INFORMATION SUPPLIED:
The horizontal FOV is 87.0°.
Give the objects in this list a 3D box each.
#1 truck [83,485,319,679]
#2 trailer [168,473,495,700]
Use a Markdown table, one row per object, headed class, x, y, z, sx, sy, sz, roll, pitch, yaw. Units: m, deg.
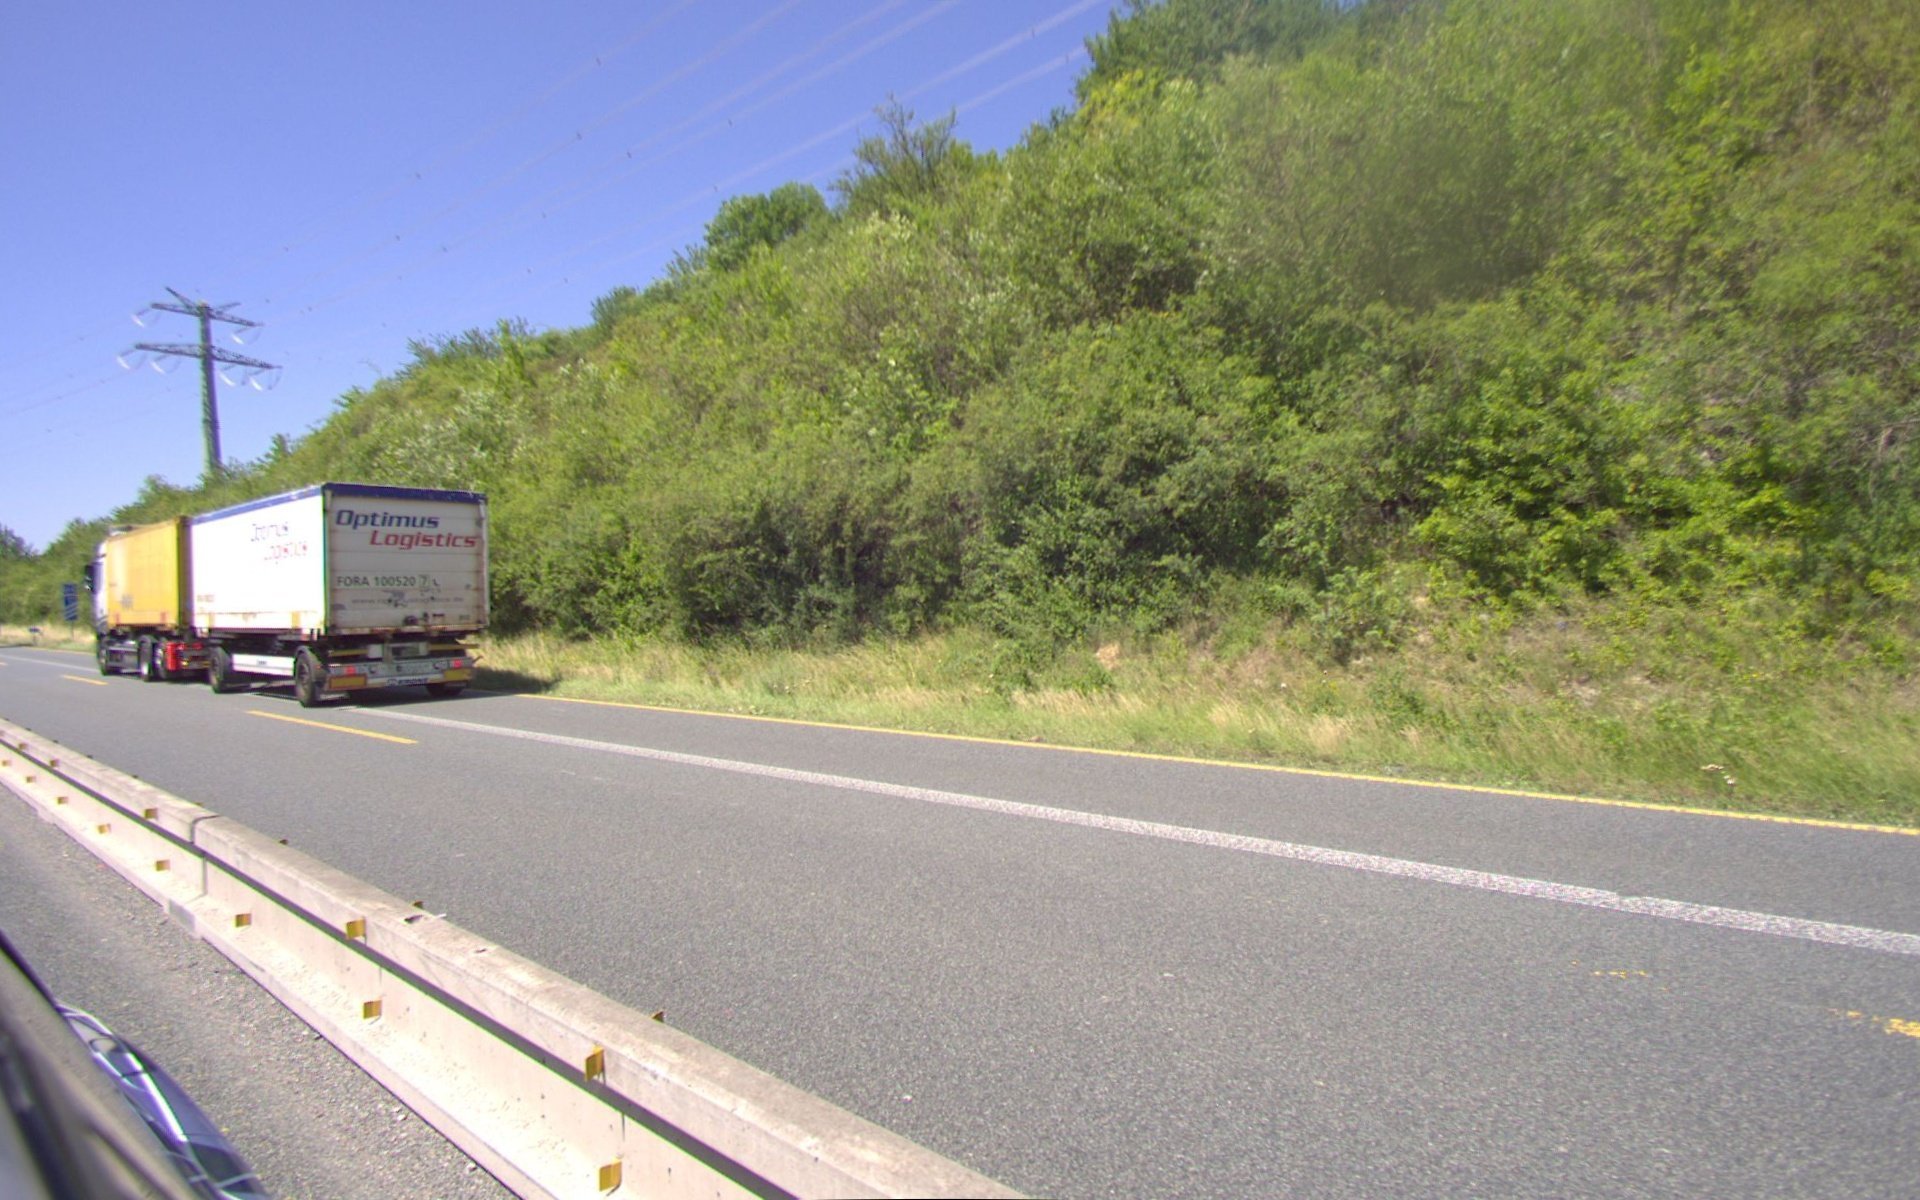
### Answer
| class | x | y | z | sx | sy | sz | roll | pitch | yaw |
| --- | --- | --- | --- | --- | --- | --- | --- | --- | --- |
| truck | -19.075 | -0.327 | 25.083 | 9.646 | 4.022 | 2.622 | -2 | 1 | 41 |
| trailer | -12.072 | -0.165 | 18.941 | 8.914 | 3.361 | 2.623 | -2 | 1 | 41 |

ASSIGNMENT:
Each record above, in full: return it exactly, pictures excluded.

EXERCISE ANSWER:
The horizontal FOV is 87.0°.
Give the objects in this list a 3D box each.
#1 truck [83,485,319,679]
#2 trailer [168,473,495,700]
Use a Markdown table, one row per object, headed class, x, y, z, sx, sy, sz, roll, pitch, yaw. Units: m, deg.
### Answer
| class | x | y | z | sx | sy | sz | roll | pitch | yaw |
| --- | --- | --- | --- | --- | --- | --- | --- | --- | --- |
| truck | -19.075 | -0.327 | 25.083 | 9.646 | 4.022 | 2.622 | -2 | 1 | 41 |
| trailer | -12.072 | -0.165 | 18.941 | 8.914 | 3.361 | 2.623 | -2 | 1 | 41 |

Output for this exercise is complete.